Question

What is the relationship between the position and velocity vectors for motion on a circle?

Short answer

Based on the solution provided above, briefly explain the relationship between position vectors and velocity vectors for motion on a circle. The relationship between the position and velocity vectors for motion on a circle is derived by differentiating the position vector with respect to time. The position vector (\(\vec{r}(t)\)) represents the location of a particle on a circle at time 't', while the velocity vector (\(\vec{v}(t)\)) represents the rate of change of position with respect to time. The components of the velocity vector are scaled by the radius and angular velocity of the circular motion.

Step-by-step solution

Position Vector for Motion on a Circle

For motion on a circle with radius 'r' and center at the origin, the position vector at any given time can be represented as: \(\vec{r}(t) = r*[\cos(\omega t)\hat{i} + \sin(\omega t)\hat{j}]\) where \(\omega\) is the angular velocity and 't' is the time.

Differentiation

To find the velocity vector, differentiate the position vector \(\vec{r}(t)\) with respect to time: \(\frac{d\vec{r}(t)}{dt} = \frac{d}{dt}(r*[\cos(\omega t)\hat{i} + \sin(\omega t)\hat{j}])\) Now we need to differentiate the two components separately.

Differentiate the \(\hat{i}\) component

Differentiate the \(\hat{i}\) component of the position vector with respect to time: \(\frac{d}{dt}(r\cos(\omega t)\hat{i}) = -r\omega\sin(\omega t)\hat{i}\)

Differentiate the \(\hat{j}\) component

Differentiate the \(\hat{j}\) component of the position vector with respect to time: \(\frac{d}{dt}(r\sin(\omega t)\hat{j}) = r\omega\cos(\omega t)\hat{j}\)

Velocity Vector

Combine the derivatives for the \(\hat{i}\) and \(\hat{j}\) components: \(\vec{v}(t) = -r\omega\sin(\omega t)\hat{i} + r\omega\cos(\omega t)\hat{j}\)

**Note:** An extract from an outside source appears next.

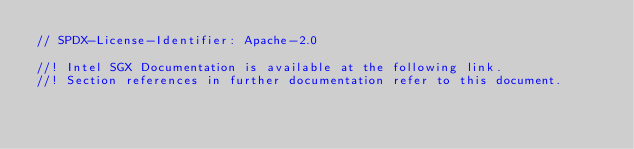Convert code to text. <code><loc_0><loc_0><loc_500><loc_500><_Rust_>// SPDX-License-Identifier: Apache-2.0

//! Intel SGX Documentation is available at the following link.
//! Section references in further documentation refer to this document.</code> 
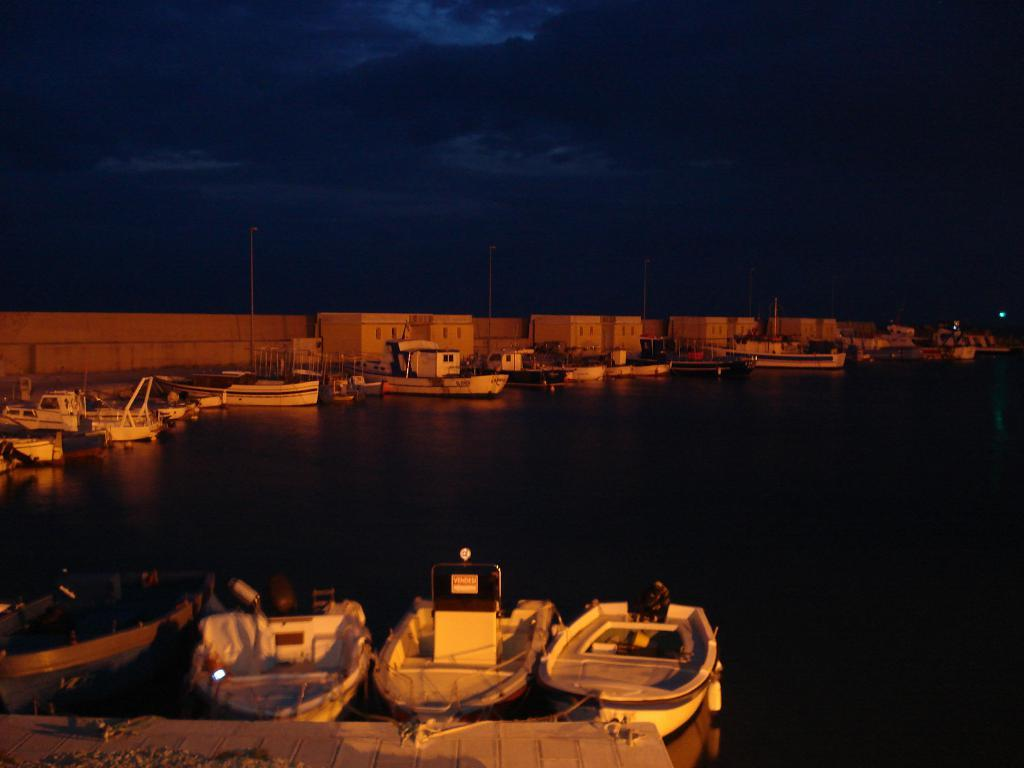What type of vehicles can be seen in the image? There are boats in the image. What is the position of the boats in the image? The boats are standing on the ground in the image. What can be seen in the distance behind the boats? There are buildings visible in the background of the image. What type of unit is responsible for maintaining the dock in the image? There is no dock present in the image, so it is not possible to determine which unit might be responsible for maintaining it.

Relationship between Position and Velocity vectors

The relationship between the position vector \(\vec{r}(t)\) and the velocity vector \(\vec{v}(t)\) is: \(\vec{r}(t) = r*[\cos(\omega t)\hat{i} + \sin(\omega t)\hat{j}]\) \(\vec{v}(t) = -r\omega\sin(\omega t)\hat{i} + r\omega\cos(\omega t)\hat{j}\) The velocity vector is the derivative of the position vector with respect to time, and its components are scaled by the radius and angular velocity of the circular motion.